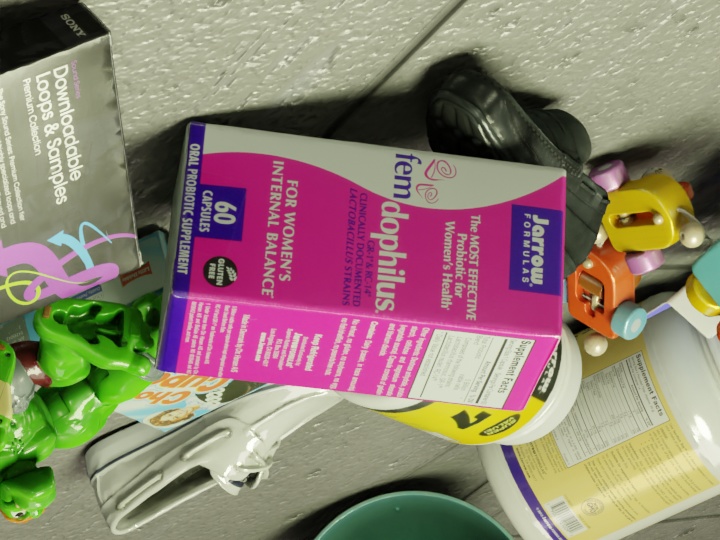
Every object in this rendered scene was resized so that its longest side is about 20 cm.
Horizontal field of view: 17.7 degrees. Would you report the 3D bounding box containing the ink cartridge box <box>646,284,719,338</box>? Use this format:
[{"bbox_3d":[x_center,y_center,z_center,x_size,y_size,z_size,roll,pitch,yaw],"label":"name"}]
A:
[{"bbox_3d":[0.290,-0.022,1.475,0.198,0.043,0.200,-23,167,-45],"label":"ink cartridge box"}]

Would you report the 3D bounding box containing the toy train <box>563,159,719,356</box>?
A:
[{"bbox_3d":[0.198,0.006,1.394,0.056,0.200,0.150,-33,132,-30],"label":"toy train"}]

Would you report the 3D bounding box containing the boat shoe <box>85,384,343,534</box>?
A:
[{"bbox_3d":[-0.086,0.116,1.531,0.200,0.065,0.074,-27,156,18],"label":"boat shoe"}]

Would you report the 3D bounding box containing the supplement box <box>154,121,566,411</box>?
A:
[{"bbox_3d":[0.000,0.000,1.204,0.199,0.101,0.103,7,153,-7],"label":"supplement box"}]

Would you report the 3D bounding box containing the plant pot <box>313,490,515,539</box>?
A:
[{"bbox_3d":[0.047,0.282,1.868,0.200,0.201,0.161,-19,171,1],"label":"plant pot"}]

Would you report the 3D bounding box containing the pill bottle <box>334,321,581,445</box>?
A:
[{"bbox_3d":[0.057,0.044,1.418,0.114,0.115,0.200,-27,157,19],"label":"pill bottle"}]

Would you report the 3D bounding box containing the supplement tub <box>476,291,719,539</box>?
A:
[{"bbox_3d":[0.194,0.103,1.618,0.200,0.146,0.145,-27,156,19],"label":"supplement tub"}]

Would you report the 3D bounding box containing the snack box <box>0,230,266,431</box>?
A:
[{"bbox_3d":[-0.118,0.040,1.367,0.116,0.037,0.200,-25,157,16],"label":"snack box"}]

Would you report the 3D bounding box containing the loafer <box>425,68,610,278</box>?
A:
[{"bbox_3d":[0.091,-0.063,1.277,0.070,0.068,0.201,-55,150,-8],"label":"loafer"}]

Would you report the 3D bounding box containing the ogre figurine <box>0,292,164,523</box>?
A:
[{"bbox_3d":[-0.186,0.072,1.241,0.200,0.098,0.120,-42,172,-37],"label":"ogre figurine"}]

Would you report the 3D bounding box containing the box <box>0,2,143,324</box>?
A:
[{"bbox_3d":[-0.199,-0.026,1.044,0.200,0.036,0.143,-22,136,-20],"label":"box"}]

--

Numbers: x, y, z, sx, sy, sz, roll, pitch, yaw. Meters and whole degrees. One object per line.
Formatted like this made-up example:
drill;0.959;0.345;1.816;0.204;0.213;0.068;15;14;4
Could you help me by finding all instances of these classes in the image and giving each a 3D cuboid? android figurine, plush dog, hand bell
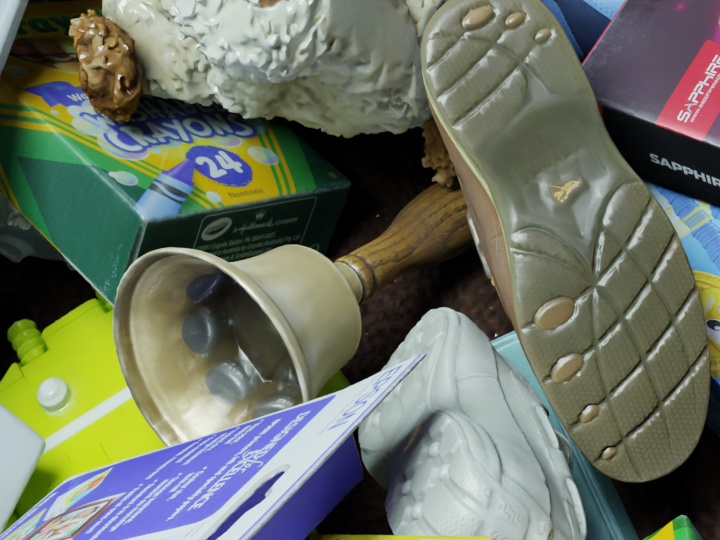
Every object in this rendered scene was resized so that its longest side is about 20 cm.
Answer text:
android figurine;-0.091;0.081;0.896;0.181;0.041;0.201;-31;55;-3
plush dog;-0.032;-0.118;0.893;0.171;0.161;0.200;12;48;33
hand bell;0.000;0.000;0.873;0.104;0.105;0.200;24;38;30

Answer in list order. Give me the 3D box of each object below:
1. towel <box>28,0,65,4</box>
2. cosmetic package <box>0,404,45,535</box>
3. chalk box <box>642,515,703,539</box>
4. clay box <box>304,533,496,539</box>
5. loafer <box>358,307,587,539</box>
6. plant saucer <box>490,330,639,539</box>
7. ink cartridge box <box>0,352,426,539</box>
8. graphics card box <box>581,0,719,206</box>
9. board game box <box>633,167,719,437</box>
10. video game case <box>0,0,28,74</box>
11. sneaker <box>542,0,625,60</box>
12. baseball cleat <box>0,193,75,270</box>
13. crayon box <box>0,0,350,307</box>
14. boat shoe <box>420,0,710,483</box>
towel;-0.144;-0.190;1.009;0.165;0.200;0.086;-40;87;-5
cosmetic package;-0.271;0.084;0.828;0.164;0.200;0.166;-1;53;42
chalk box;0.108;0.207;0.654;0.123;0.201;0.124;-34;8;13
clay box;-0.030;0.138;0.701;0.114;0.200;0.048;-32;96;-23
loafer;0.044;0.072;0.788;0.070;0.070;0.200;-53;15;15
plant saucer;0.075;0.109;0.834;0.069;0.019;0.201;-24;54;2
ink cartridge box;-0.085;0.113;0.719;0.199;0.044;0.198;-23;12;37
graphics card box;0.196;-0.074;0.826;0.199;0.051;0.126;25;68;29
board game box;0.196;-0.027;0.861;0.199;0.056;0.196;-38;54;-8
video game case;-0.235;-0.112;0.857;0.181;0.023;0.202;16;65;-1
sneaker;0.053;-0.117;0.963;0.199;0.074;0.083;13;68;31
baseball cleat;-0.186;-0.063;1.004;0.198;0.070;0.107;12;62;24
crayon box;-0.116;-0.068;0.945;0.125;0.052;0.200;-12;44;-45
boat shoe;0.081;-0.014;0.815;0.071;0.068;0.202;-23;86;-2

---

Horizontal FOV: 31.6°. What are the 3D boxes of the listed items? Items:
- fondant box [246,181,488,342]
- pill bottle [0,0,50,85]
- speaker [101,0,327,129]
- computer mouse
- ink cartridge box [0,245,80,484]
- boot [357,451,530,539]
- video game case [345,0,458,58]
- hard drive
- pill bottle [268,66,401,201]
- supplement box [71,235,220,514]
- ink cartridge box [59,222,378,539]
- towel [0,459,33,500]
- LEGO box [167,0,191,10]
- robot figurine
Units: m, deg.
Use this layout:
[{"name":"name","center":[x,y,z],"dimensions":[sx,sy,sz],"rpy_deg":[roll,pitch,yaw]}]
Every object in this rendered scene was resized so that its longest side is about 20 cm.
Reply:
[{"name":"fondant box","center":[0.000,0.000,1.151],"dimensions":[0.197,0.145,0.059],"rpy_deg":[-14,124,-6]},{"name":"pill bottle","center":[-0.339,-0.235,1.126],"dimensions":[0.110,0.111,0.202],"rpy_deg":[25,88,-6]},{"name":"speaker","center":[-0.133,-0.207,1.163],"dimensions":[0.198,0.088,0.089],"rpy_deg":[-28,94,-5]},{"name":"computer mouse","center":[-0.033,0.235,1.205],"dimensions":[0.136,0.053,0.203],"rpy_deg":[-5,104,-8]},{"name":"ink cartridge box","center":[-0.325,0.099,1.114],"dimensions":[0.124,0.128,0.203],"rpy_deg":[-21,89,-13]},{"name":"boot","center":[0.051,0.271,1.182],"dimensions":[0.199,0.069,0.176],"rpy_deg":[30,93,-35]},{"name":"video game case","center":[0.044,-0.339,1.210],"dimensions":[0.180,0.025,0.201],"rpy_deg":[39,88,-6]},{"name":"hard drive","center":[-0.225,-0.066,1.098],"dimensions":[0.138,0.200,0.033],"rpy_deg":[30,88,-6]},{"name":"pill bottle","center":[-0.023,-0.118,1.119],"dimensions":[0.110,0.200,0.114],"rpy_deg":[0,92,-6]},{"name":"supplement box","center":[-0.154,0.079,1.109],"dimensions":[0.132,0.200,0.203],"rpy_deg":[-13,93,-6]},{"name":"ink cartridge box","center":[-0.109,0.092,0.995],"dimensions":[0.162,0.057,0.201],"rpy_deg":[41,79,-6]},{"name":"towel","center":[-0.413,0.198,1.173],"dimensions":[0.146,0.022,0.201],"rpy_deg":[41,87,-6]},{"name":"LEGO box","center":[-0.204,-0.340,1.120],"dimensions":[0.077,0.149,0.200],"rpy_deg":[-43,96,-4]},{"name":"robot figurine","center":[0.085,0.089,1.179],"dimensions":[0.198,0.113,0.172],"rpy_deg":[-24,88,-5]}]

→ TASK
Working from the material above, restate word for word the lines between the line with "3. chalk box <box>642,515,703,539</box>" and the line with "9. board game box <box>633,167,719,437</box>", both included, and only those.

→ RESULT FOR THIS TASK
3. chalk box <box>642,515,703,539</box>
4. clay box <box>304,533,496,539</box>
5. loafer <box>358,307,587,539</box>
6. plant saucer <box>490,330,639,539</box>
7. ink cartridge box <box>0,352,426,539</box>
8. graphics card box <box>581,0,719,206</box>
9. board game box <box>633,167,719,437</box>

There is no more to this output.